It’s a particularly good book because the political stuff (both fictional and social messaging) is left behind. Mr. Sandford, (or his proxy who Googles him regularly, tell him that) you could probably write more early Davenport books set in the past without losing your readers. Let’s face it, your books aren’t being bought by millenials who need Davenport to have a cell phone and Internet connection. Your books are getting bought by old timers like myself who remember pay phones and dial-up connections.
I re-read the novelization of the film last month, but I hadn’t seen the actual film. So as part of the “One-for-you, one-for-me” gift buying protocol, I bought and watched the DVD.
I won’t rehash the plot here, since I did that in the book report.

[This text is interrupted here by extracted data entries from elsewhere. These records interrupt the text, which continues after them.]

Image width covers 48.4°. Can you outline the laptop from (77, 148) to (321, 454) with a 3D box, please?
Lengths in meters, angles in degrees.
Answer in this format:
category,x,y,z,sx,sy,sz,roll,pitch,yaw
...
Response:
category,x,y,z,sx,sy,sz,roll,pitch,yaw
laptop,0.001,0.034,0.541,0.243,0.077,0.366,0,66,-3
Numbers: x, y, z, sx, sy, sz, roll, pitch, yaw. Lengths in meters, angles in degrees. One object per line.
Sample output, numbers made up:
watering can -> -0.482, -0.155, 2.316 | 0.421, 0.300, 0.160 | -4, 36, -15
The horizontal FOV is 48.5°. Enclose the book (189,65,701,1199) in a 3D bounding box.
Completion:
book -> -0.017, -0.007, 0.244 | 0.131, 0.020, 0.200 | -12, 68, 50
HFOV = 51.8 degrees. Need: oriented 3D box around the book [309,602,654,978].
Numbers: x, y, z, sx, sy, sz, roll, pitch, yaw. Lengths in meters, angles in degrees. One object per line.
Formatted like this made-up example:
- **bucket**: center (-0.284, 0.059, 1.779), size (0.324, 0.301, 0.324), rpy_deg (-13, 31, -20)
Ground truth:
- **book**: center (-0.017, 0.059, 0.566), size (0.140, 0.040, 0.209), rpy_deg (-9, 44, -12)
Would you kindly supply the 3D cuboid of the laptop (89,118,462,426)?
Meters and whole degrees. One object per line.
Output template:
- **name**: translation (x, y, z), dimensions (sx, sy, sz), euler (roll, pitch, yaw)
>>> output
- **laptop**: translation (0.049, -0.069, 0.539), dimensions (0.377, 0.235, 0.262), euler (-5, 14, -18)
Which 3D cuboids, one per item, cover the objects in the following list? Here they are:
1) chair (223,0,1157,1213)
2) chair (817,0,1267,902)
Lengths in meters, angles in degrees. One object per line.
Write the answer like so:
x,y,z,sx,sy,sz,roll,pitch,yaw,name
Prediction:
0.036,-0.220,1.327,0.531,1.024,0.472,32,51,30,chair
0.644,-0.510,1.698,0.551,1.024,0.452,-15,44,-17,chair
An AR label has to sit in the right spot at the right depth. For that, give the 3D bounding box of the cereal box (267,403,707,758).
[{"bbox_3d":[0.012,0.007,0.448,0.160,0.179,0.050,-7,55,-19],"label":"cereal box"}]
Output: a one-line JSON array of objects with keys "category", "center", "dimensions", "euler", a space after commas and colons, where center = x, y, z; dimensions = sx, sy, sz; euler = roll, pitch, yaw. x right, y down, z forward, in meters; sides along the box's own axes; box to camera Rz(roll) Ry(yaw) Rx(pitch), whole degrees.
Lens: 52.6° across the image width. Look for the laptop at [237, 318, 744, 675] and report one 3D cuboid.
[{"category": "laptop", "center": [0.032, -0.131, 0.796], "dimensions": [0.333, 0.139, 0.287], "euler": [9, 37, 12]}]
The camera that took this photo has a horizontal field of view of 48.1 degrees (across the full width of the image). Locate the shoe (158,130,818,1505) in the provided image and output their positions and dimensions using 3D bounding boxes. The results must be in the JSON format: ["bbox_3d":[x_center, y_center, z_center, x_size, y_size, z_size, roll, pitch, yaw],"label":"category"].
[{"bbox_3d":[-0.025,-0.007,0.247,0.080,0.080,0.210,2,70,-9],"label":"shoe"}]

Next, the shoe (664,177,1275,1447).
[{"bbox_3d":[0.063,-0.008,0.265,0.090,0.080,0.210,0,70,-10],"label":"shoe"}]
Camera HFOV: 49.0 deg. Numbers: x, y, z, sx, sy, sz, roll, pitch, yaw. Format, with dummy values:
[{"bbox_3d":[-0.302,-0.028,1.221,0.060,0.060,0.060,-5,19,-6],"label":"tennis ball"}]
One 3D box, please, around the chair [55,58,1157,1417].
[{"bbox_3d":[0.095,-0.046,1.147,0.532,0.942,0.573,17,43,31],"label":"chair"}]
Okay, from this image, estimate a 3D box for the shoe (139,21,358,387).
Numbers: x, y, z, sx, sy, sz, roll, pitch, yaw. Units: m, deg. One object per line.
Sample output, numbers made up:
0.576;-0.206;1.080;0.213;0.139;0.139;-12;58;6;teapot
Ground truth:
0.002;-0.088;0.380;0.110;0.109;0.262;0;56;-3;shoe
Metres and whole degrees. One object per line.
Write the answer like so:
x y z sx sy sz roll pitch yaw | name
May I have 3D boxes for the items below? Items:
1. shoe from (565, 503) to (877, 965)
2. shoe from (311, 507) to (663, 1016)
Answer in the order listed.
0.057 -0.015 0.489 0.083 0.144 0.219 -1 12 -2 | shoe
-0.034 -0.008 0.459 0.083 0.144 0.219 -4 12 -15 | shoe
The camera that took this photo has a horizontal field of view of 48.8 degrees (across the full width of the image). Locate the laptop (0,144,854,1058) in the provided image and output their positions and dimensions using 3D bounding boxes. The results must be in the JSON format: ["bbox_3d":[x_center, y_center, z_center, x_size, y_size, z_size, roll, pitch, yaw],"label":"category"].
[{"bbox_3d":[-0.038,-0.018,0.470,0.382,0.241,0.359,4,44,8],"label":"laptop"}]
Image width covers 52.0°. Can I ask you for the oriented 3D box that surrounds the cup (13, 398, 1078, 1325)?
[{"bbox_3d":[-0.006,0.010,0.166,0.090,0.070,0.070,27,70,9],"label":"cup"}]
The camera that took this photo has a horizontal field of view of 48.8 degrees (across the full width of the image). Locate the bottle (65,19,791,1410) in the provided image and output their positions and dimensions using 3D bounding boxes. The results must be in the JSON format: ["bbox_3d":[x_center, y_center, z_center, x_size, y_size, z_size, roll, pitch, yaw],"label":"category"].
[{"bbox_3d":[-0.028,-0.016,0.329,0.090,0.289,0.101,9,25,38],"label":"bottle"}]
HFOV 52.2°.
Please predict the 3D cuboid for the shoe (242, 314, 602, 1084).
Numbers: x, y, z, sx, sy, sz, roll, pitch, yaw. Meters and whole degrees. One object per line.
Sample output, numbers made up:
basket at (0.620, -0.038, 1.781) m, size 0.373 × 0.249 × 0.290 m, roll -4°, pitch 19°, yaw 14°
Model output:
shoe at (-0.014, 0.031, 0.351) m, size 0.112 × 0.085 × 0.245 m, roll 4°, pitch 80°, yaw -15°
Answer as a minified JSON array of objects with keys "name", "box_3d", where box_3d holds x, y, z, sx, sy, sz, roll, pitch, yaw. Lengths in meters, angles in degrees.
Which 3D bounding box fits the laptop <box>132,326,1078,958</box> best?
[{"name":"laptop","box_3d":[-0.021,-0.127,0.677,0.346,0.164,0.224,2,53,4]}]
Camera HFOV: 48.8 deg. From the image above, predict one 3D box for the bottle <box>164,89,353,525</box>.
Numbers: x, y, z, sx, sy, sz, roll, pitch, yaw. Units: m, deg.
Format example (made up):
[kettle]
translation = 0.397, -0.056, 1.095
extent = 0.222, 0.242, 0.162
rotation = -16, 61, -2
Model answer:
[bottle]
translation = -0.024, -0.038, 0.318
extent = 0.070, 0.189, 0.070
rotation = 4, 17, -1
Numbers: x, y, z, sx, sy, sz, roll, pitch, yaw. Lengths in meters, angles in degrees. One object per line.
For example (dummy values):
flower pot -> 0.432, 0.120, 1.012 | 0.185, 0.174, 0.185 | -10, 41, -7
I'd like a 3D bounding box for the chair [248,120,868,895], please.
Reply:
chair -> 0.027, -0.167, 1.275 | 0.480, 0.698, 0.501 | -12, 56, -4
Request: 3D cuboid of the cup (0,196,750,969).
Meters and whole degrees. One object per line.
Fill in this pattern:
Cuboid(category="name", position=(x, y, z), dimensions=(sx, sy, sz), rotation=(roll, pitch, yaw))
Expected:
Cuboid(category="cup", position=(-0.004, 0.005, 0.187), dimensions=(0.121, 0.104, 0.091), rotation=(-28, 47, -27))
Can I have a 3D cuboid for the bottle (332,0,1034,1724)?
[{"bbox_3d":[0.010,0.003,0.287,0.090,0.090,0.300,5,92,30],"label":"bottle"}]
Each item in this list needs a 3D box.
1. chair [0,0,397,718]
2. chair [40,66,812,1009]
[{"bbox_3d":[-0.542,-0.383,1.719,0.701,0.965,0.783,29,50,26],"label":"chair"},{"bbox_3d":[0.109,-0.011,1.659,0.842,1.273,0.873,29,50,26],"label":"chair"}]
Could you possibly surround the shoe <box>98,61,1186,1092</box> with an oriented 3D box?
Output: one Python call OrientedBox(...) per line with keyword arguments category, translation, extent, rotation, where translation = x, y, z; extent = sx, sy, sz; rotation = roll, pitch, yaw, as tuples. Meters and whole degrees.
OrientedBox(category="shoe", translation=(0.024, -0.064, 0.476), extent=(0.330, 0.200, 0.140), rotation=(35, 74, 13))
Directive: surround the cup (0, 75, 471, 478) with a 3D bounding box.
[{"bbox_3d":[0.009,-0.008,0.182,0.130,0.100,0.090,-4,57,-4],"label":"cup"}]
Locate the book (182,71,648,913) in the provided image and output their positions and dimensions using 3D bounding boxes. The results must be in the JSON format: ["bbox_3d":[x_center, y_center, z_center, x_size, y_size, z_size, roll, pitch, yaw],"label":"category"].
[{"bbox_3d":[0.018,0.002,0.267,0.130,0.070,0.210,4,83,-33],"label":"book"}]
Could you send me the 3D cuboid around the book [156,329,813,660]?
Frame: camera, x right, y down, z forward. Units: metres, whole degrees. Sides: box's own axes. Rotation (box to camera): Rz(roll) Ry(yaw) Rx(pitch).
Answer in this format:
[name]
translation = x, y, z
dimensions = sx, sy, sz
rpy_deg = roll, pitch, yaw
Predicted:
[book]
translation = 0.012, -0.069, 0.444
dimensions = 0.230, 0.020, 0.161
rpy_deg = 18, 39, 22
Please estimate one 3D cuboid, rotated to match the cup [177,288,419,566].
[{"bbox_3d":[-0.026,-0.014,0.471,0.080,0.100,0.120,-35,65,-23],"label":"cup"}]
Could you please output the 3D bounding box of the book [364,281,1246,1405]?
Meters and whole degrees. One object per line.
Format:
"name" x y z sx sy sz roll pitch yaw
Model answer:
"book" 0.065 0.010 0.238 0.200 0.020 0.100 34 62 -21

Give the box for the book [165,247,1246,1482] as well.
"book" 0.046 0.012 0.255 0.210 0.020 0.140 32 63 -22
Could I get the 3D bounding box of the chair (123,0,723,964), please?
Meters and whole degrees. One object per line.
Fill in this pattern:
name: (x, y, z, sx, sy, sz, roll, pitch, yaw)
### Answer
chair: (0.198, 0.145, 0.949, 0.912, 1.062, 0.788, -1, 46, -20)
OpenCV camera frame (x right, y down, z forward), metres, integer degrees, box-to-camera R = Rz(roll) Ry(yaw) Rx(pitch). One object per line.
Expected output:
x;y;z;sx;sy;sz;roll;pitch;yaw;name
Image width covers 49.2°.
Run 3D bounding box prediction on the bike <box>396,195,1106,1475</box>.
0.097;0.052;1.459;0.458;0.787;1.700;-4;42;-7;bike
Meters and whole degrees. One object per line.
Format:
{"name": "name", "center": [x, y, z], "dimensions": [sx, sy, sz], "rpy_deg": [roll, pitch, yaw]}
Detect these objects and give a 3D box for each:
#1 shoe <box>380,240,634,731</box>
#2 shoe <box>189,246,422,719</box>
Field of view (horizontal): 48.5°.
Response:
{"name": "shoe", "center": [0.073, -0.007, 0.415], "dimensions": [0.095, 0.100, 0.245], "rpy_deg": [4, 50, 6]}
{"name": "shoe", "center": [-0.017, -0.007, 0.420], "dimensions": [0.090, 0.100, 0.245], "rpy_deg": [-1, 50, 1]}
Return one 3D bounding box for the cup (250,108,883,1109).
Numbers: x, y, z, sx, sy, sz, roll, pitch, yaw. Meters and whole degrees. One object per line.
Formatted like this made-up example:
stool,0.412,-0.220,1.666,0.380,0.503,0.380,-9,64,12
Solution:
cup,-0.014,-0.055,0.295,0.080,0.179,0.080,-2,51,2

However, I will make a couple bullet points about how the film has aged vis-à-vis the novelization. Well, no, I won’t use bullet points because I know what bullet points do to the polarized glass of a mining base.
The film is far more dated than the book is. The visual elements of the film strike one more than they would in the book. For example, when the book might have mentioned that the character lit a cigarette in the workplace, the film has a warehouse scene blue with smoke as every employee has a cigarette dangling out of his mouth. The book is dated enough with its video messages instead of text, but the film plays them on CRTs with green text. The look and feel of the film definitely evoke the time period of the film-making as much as that of the future.
The film also diminishes some of the minor characters in that their screen time is really truncated compared to their page time. That’ll come with any film, of course, since it has two hours and roughly one hundred or so pages of dialog and scene material versus page of text. It doesn’t make it better or worse; books (including books based on film) and film are two different media.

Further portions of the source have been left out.